Frequency of neoplastic and non-neoplastic lesions in pet rabbits in Hong Kong, 2019–2022.

Organ system	All lesions		Neoplastic		Non-neoplastic
Organ system	No.	Proportion, %(95% CI)	No.	Proportion, %(95% CI)	No.	Proportion, %(95% CI)
Skin and soft tissue	106	44.1 (36.7–49.3)	77	48.4 (40.4–56.5)	29	33.0 (23.3–43.8)
Reproductive	74	30 (24.3–36.1)	49	30.8 (23.7–38.6)	25	28.4 (19.3–39.0)
Digestive	32	13 (9–17.8)	8	5 (2.2–9.7)	24	27.3 (18.3–37.8)
Hematolymphoid	17	6.9 (4.1–10.8)	16	10.1 (5.9–15.8)	1	1.1 (0.03–6.2)
Musculoskeletal	9	3.6 (1.7–6.8)	8	5.0 (2.2–9.7)	1	1.1 (0.03–6.2)
Urinary	5	2.0 (0.66–4.7)	0	0	5	5.7 (1.9–12.8)
Special senses	3	1.2 (0.2–3.5)	0	0	3	3.4 (0.7–9.6)
Respiratory	1	0.4 (0.0–2.2)	1	0.6 (0.0–3.5)	0	0
Total	247		159	64.4 (58.1–70.3)	88	35.6 (29.7–41.9)

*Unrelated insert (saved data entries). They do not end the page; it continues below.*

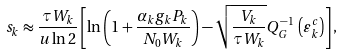<formula> <loc_0><loc_0><loc_500><loc_500>s _ { k } \approx \frac { \tau W _ { k } } { u \ln { 2 } } \left [ \ln \left ( 1 + \frac { \alpha _ { k } g _ { k } P _ { k } } { N _ { 0 } W _ { k } } \right ) - \sqrt { \frac { V _ { k } } { \tau W _ { k } } } Q _ { G } ^ { - 1 } \, \left ( { \varepsilon ^ { c } _ { k } } \right ) \right ] ,</formula> 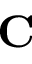<formula> <loc_0><loc_0><loc_500><loc_500>C</formula> 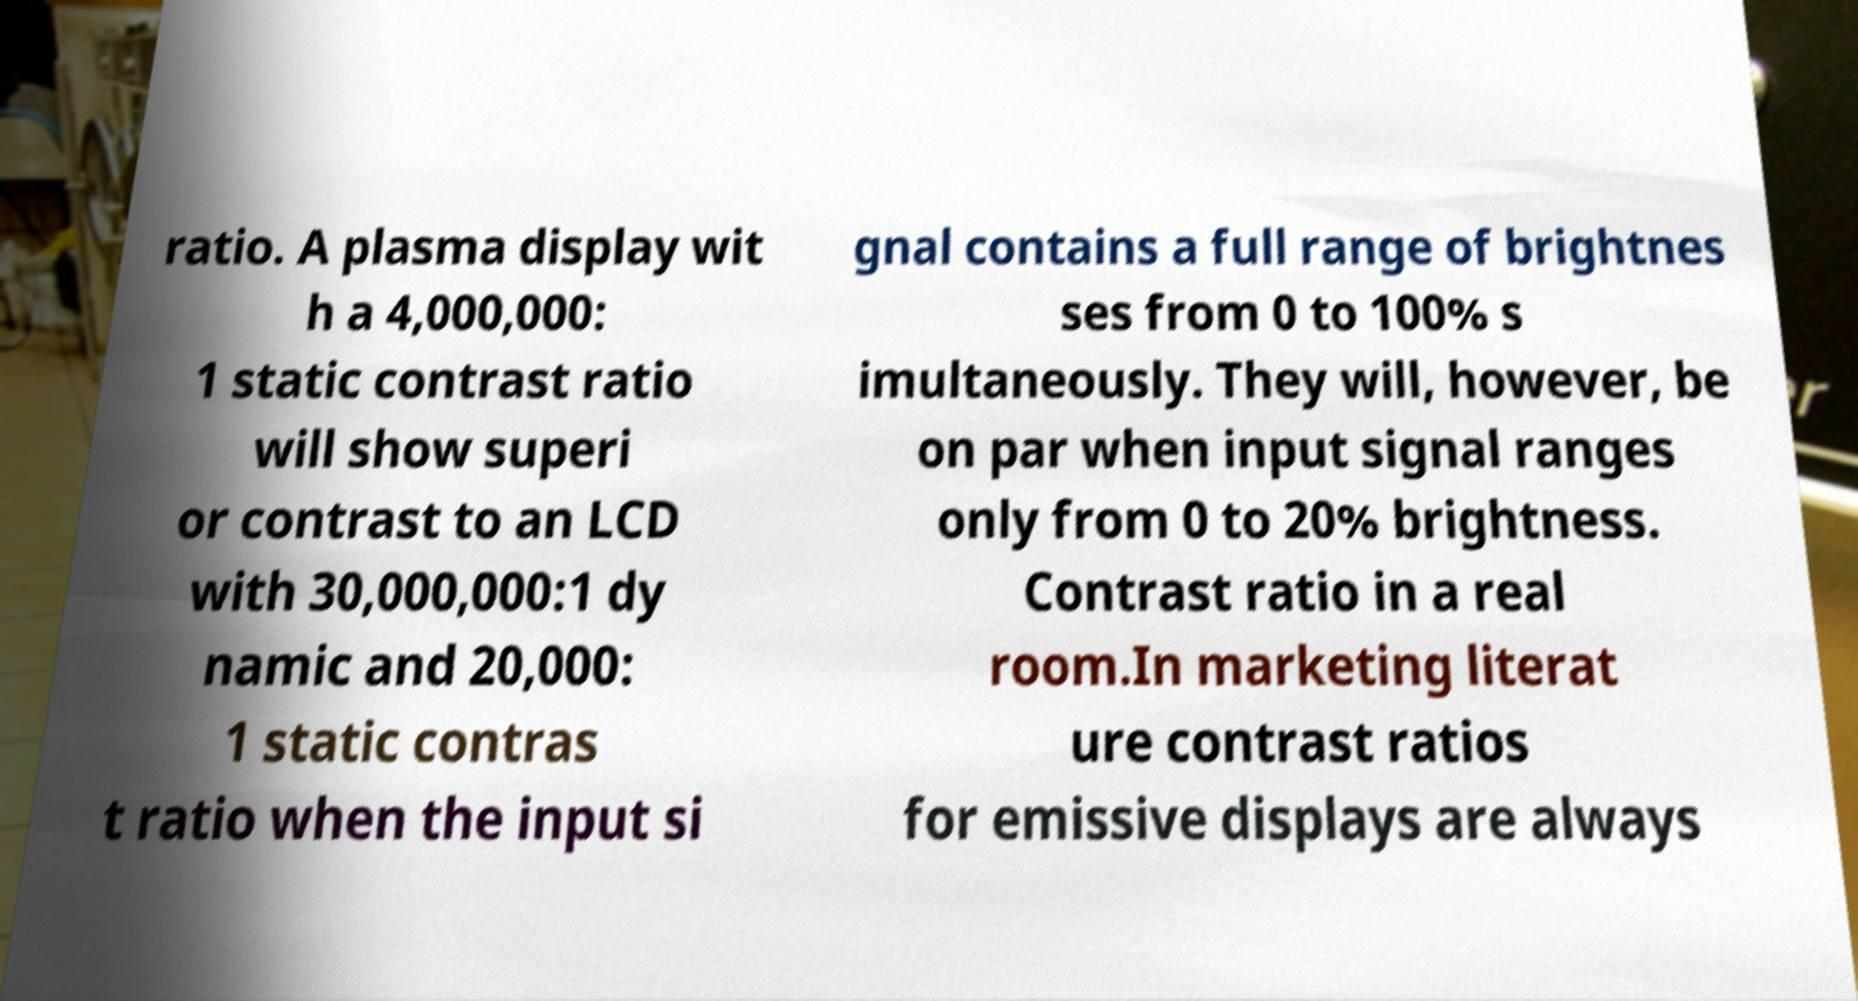Could you assist in decoding the text presented in this image and type it out clearly? ratio. A plasma display wit h a 4,000,000: 1 static contrast ratio will show superi or contrast to an LCD with 30,000,000:1 dy namic and 20,000: 1 static contras t ratio when the input si gnal contains a full range of brightnes ses from 0 to 100% s imultaneously. They will, however, be on par when input signal ranges only from 0 to 20% brightness. Contrast ratio in a real room.In marketing literat ure contrast ratios for emissive displays are always

Adenocarcinomas were the most frequent neoplastic lesions (42 of 159; 26.4%), and were found in the female reproductive tract (28 of 42; 66.7%), skin and soft tissue (13 of 42; 31%), and prostate gland (1 of 42; 2.4%). The next most common tumor type was trichoblastoma (34 of 159; 21.4%); various other tumor types occurred less frequently. Among common non-neoplastic lesions, uterine cystic endometrial hyperplasia (13 of 88; 14.8%) was the most prevalent; other lesions included abscesses, hepatic torsion, and dermatitis (Table 2).

Table 2.

Number, age, and sex of pet rabbits in Hong Kong with the most common neoplastic and non-neoplastic lesions, 2019–2022.

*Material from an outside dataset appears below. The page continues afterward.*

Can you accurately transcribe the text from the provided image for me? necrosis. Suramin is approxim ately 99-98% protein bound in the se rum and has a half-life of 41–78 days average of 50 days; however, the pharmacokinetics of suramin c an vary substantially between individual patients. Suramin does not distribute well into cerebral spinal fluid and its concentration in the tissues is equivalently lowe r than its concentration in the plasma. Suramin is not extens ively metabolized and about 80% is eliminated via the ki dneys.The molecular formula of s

Lesion	Count (% of all lesions)	Body system (organ)	No. (%)	Age, y		Female:male ratio
Lesion	Count (% of all lesions)	Body system (organ)	No. (%)	Mean	Range	Female:male ratio
Neoplastic	159 (64.4)			7.1	1–13	1.1:1
Adenocarcinoma	42 (26.4)	Female reproductive (uterus)	28 (66.7)	5.9	2–10	NA
		Male reproductive (prostate gland)	1 (2.4)	8	NA	NA
		Skin and soft tissue (mammary gland)	10 (23.8)	7.4	5–12	NA
		Skin and soft tissue	3 (7.1)	6.7	6–7	2:1
Trichoblastoma	34 (21.4)	Skin and soft tissue	34 (100)	6.3	1–13	0.44:1
Sarcoma	15 (9.4)	Skin and soft tissue	13 (86.6)	9.4	4–13	0.24:1
		Musculoskeletal	1 (6.7)	8	NA	NA
		Digestive (rectum)	1 (6.7)	10	NA	NA
Thymoma	13 (8.2)	Hematolymphoid	13 (100)	7.8	5–11	0.86:1
Non-neoplastic	88 (35.6)			5.7	0.5–11	2.1:1
Cystic endometrial hyperplasia	13 (14.8)	Female reproductive (uterus)	13 (100)	6.2	2–9	NA
Abscess	11 (12.5)	Skin and soft tissue	11 (100)	8.2	1–11	0.38:1
Torsion	10 (11.4)	Digestive (liver)	10 (100)	3.5	1–7	1.5:1

NA = not applicable.

Notably, both neoplastic and non-neoplastic lesions were more prevalent in females, with female-to-male ratios of 1.1:1 for neoplastic diseases and 2.1:1 for non-neoplastic diseases (Table 2). Neoplastic disease was more common in older rabbits (mean 7.1 y; range 1–13 y); non-neoplastic disease occurred more often in younger rabbits (mean 5.7 y, range 0.5–11 y; Fig. 1).

Figure 1.

Age distribution of lesions in pet rabbits in Hong Kong, 2019–2022. A. Neoplastic. B. Non-neoplastic.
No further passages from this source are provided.